With their first professional seasons have also come professional debuts. Dragisich came on in the final minutes of a home match versus Orange County SC on March 16, the first of three appearances so far this season.

“That game we were down, so when I went in it was just get in, get in the spots where you can be dangerous,” he said. “Whenever I got subbed in and was running onto the field, it felt like a really cool moment. My family was there, my best friends growing up were there, it was good to finally make my pro debut in front of the home fans, in front of family.”

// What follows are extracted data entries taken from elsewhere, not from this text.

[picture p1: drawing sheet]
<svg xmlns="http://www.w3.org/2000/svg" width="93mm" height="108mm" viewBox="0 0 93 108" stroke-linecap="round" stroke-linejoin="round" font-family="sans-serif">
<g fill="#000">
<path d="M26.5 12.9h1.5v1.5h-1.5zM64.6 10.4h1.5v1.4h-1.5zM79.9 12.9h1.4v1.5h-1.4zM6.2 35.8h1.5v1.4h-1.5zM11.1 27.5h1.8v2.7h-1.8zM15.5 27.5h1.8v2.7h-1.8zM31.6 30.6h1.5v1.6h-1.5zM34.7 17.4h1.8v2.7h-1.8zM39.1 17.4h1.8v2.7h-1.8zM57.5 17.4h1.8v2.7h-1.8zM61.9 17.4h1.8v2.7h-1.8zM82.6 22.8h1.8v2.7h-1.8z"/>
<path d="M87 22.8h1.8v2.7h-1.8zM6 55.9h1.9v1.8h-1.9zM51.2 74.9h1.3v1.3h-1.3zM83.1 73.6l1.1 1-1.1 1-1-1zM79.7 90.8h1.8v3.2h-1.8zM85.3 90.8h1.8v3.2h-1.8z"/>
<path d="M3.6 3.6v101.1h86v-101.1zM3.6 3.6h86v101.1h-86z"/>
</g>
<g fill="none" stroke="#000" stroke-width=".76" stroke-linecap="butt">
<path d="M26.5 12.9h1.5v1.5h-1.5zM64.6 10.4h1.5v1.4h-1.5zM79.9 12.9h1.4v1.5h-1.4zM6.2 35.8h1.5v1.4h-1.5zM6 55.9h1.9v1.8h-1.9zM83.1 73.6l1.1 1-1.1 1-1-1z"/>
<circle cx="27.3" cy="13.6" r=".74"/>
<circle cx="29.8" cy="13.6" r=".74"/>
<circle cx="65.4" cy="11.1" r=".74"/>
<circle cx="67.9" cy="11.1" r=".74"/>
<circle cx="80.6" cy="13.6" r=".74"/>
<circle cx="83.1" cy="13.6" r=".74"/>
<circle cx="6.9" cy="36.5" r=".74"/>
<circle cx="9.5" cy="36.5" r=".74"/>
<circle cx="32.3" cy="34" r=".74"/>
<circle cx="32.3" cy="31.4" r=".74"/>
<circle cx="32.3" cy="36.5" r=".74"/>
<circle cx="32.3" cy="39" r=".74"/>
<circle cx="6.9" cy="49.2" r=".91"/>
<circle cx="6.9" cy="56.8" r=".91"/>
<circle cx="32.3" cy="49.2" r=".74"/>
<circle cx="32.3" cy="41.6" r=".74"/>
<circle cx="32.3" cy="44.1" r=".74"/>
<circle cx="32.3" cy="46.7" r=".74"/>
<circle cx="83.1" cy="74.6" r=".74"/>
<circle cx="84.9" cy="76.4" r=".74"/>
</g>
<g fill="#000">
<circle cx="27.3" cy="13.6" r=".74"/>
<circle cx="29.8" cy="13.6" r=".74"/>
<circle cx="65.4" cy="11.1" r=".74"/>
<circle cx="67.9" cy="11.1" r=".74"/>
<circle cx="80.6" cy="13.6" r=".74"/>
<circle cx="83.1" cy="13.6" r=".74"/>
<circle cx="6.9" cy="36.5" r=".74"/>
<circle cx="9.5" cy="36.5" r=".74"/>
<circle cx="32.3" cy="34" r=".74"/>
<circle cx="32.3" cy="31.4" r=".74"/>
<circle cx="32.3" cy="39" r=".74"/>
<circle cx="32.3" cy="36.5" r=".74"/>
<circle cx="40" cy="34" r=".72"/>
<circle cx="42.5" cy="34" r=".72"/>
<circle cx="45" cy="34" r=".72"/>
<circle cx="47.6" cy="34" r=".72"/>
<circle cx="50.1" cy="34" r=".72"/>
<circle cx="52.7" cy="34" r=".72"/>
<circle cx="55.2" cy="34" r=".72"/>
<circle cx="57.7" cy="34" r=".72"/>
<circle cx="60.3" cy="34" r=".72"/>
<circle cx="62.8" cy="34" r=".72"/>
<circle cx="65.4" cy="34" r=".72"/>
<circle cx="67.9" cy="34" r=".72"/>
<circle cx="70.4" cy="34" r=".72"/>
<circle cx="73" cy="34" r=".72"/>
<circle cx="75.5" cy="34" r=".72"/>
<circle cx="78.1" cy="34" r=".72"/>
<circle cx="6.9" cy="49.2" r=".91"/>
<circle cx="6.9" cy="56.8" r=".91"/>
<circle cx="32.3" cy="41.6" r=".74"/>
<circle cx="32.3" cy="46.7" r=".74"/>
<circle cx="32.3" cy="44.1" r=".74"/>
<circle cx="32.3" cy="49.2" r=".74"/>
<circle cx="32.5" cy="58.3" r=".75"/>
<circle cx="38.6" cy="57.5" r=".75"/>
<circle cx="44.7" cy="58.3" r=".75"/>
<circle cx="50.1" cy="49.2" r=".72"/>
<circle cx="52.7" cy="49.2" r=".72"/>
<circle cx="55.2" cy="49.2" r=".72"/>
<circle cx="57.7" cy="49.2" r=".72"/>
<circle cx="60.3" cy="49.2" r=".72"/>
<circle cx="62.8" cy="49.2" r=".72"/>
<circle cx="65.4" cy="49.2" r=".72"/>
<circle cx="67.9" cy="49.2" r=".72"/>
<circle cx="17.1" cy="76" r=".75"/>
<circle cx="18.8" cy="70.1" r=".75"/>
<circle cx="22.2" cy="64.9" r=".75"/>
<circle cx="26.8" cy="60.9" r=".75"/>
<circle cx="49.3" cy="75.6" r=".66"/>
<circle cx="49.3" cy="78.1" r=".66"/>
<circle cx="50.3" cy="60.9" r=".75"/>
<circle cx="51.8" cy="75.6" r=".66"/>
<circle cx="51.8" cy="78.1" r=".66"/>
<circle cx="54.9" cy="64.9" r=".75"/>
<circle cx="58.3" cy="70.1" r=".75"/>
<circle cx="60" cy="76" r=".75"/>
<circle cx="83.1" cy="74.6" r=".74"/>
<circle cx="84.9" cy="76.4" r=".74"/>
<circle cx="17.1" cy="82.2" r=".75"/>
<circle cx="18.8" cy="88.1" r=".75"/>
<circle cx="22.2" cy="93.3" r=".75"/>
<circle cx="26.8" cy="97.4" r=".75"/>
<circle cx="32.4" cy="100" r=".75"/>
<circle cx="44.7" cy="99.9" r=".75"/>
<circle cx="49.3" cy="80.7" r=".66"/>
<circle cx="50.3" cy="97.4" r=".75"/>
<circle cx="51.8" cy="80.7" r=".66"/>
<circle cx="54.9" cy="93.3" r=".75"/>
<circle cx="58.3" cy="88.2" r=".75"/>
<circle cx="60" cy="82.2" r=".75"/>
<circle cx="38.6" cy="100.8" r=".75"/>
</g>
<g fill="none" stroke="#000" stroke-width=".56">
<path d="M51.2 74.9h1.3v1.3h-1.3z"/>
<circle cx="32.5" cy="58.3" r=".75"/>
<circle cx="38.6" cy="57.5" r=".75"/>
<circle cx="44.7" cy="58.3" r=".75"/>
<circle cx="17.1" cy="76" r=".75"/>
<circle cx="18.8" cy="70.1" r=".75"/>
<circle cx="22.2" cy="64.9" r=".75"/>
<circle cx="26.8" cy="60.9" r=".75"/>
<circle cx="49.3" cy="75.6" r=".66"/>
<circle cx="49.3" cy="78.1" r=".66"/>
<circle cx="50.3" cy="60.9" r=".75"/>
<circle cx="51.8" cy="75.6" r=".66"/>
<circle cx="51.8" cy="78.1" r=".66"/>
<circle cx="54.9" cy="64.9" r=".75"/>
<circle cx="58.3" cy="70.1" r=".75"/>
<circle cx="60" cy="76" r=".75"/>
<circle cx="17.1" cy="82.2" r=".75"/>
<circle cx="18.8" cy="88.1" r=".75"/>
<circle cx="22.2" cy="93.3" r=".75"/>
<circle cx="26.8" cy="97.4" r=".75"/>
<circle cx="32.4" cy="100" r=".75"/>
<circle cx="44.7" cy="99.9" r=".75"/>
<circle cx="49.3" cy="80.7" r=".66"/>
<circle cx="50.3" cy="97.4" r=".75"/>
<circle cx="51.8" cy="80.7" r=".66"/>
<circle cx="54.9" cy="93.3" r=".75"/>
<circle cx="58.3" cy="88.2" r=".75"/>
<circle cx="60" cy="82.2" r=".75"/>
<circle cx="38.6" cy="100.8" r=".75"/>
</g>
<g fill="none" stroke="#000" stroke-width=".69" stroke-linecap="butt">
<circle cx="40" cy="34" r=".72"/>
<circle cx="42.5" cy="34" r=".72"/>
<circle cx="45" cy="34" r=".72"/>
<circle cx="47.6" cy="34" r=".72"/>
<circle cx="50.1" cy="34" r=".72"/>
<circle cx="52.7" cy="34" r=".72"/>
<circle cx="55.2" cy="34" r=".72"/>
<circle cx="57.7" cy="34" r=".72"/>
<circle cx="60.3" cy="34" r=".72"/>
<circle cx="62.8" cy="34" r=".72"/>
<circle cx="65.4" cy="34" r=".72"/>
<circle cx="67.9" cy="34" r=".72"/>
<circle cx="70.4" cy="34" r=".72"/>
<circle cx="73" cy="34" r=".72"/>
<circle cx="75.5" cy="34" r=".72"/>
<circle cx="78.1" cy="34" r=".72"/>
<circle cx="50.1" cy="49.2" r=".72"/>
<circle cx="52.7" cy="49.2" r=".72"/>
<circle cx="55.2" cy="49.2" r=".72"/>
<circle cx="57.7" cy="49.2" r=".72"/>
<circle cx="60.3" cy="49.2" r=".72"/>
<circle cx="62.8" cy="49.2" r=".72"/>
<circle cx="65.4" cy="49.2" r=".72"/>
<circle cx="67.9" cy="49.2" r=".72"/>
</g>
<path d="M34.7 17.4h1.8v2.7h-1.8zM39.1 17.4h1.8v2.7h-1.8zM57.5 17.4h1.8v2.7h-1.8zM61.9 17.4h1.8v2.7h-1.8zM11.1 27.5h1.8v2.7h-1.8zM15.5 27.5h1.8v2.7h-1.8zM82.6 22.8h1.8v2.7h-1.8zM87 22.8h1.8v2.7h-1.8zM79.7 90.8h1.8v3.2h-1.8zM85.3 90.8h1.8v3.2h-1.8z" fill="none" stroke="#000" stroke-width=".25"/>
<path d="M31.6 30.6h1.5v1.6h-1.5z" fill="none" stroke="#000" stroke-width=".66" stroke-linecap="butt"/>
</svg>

For Wilson, playing for his dream club in Louisville also meant a switch of position and an evolution from that of a technical, impactful college left-winger to a slightly more defensive but complete right wingback. The new position brought him to score his first professional goal on April 6 in the LIPAFC derby match versus Indy Eleven – televised nationally on CBS – as Wilson cut diagonally from the right flank into the box to bury the assist of teammate Wilson Harris.

“It was amazing. To score at home with my family my fiancée there, unbelievable feeling to be able to score in front of the home crowd at Lynn, to hear the fans erupt,” said Wilson. “I love playing in this system and I think me and the other wingbacks are able to help the team in a lot of ways defensively and attacking wise especially.”

Louisville City FC's Jansen Wilson celebrates his first professional goal against Indy Eleven at Lynn Family Stadium on April 6. | Photo courtesy Em-Dash Photography / Louisville City FC

With half a season under their belt, both Dragisich and Wilson have come a long way since watching their clubs as youngsters.

Now, their professional dream has only just begun.